Feb. 11 (Bloomberg) -- A stampede at a railway station in northern India killed at least 36 people as Hindu devotees drawn by one of the holiest days of the world’s largest religious gathering rushed to board trains.
About 39 people were injured in the crush yesterday evening near a platform foot bridge in Allahabad station and are being treated at various hospitals in the city, said Anil Kumar Saxena, a spokesman at the railways ministry in New Delhi.
Authorities ordered an inquiry to find out the cause of the incident. Indian Prime Minister Manmohan Singh said victims’ families will be compensated and instructed the railway ministry and the Uttar Pradesh provincial government to provide assistance.
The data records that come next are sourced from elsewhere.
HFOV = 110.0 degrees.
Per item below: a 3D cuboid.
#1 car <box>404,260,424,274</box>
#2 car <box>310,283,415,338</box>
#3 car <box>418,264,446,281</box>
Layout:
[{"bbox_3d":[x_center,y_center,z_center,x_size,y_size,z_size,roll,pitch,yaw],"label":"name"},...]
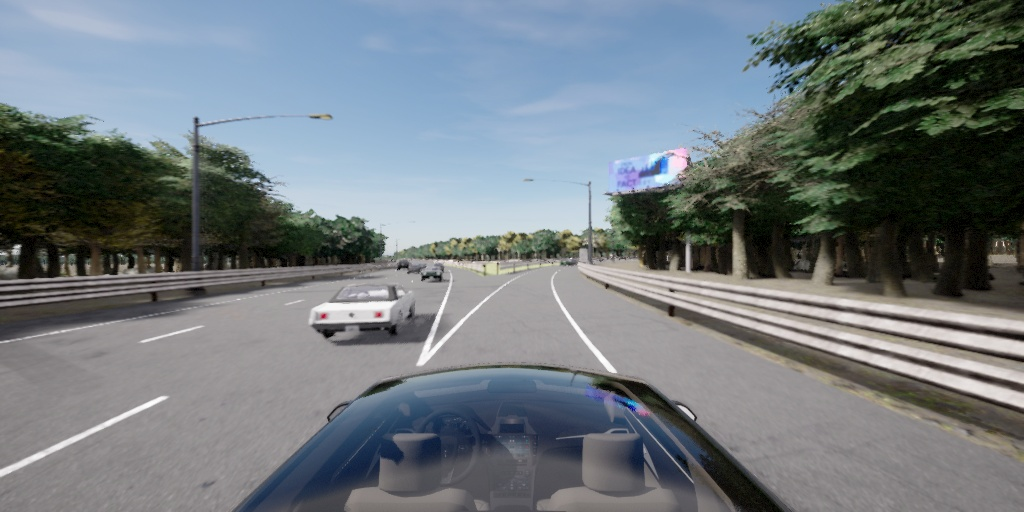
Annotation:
[{"bbox_3d":[-14.264,1.821,53.067,2.128,1.511,4.902,0,-1,-11],"label":"car"},{"bbox_3d":[-4.030,1.432,10.568,1.895,1.301,4.718,0,0,-8],"label":"car"},{"bbox_3d":[-7.530,1.663,34.183,1.895,1.301,4.718,0,-1,-9],"label":"car"}]

About 30.5 million visitors were expected to bathe yesterday at a place where Hindus consider the Ganges and Yamuna rivers converge with the mythical Saraswati, according to the festival administration’s website. Pilgrims believe that bathing at the confluence of the rivers will wash away their sins and free them from the cycle of rebirth.
The Kumbh Mela at Allahabad, which is held every 12 years, expects 100 million bathers during the festival’s 55 days. The Mela, which means fair, alternates between the cities of Nasik, Allahabad, Ujjain and Haridwar every three years. The one celebrated at Allahabad is considered the holiest of the locations.
Stampedes during religious gatherings are not uncommon in India. In 2010, 76 people died in four incidents while in 2011 a stampede in southern Kerala state killed 102, according to government figures.